Dataset entries
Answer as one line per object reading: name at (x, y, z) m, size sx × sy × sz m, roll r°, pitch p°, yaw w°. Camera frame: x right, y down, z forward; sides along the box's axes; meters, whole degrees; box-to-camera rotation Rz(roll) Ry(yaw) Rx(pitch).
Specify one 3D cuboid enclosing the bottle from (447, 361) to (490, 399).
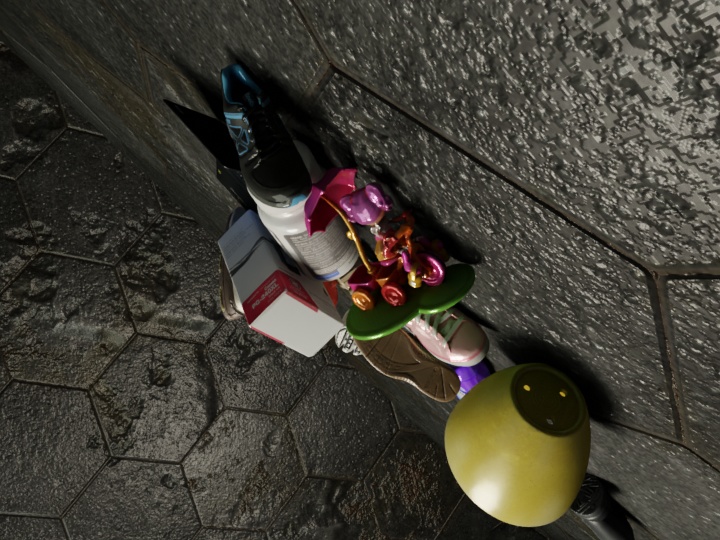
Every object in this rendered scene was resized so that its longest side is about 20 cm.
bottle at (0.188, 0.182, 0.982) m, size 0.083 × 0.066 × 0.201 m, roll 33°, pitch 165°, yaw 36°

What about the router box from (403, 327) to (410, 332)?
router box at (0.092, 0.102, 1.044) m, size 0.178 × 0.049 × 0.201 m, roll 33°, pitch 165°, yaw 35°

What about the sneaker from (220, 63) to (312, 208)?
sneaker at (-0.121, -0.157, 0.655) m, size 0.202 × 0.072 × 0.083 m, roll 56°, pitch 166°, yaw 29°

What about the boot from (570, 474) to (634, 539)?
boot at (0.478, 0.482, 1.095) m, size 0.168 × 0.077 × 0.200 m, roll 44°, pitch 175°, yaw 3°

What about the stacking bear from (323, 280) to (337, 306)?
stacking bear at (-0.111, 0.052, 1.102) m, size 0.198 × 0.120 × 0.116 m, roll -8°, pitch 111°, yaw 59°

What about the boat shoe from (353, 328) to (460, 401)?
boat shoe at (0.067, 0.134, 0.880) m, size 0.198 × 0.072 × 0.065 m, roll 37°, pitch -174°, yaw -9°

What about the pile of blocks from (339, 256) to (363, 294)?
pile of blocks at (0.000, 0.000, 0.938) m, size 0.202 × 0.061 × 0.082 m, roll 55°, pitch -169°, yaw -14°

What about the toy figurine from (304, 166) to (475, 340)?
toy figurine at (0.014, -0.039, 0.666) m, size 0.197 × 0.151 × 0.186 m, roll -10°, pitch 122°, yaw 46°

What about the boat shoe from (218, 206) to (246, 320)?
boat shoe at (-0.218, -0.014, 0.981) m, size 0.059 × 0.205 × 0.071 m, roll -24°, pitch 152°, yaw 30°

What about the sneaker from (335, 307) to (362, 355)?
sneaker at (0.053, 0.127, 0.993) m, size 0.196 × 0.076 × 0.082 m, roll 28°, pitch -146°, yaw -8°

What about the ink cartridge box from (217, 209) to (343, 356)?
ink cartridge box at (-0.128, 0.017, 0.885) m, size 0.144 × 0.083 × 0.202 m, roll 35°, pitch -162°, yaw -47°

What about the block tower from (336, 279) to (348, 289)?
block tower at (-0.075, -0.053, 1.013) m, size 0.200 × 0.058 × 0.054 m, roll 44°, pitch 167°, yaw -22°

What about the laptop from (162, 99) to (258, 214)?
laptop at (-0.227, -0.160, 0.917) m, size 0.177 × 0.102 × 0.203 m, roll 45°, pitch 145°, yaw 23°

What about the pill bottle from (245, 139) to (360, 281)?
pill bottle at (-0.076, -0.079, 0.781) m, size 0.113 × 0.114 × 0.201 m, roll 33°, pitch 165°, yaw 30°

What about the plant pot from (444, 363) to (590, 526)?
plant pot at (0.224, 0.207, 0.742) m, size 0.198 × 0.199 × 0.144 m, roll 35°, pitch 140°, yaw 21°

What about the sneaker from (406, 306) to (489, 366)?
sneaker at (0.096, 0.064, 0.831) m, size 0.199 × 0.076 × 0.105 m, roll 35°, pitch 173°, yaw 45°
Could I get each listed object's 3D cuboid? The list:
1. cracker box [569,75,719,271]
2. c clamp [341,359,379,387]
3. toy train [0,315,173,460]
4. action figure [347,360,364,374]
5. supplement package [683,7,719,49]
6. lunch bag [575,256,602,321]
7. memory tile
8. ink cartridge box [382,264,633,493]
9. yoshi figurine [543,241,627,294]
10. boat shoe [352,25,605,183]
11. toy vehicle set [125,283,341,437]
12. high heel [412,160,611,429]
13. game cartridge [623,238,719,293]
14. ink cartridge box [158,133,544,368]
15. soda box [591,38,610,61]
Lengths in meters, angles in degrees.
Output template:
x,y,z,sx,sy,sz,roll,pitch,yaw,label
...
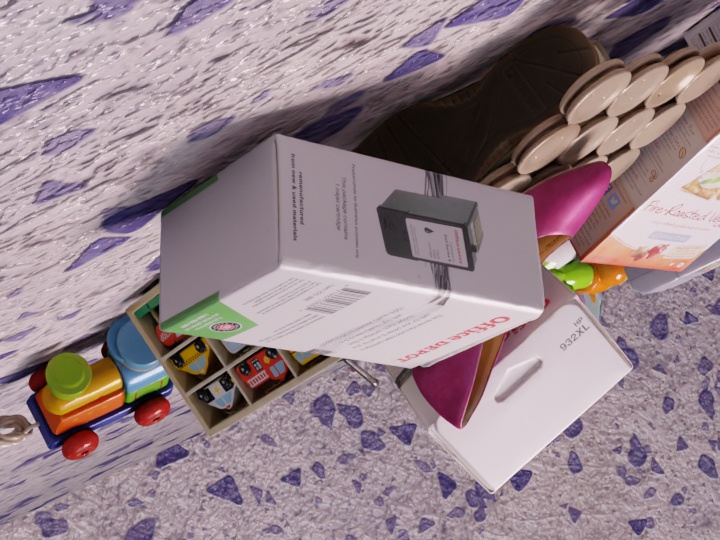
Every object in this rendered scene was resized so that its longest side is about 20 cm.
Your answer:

*Task to complete*. Pick every line of the data that includes the string "degrees".

*Solution below*.
Answer as one line per object reading: name at (x, y, z) m, size sx × sy × sz m, roll r°, pitch p°, yaw w°. Camera frame: x right, y down, z forward; sides along the box's axes; meters, whole degrees; box-to-camera rotation Rz(roll) Ry(yaw) Rx(pitch).
Lengths in meters, angles in degrees.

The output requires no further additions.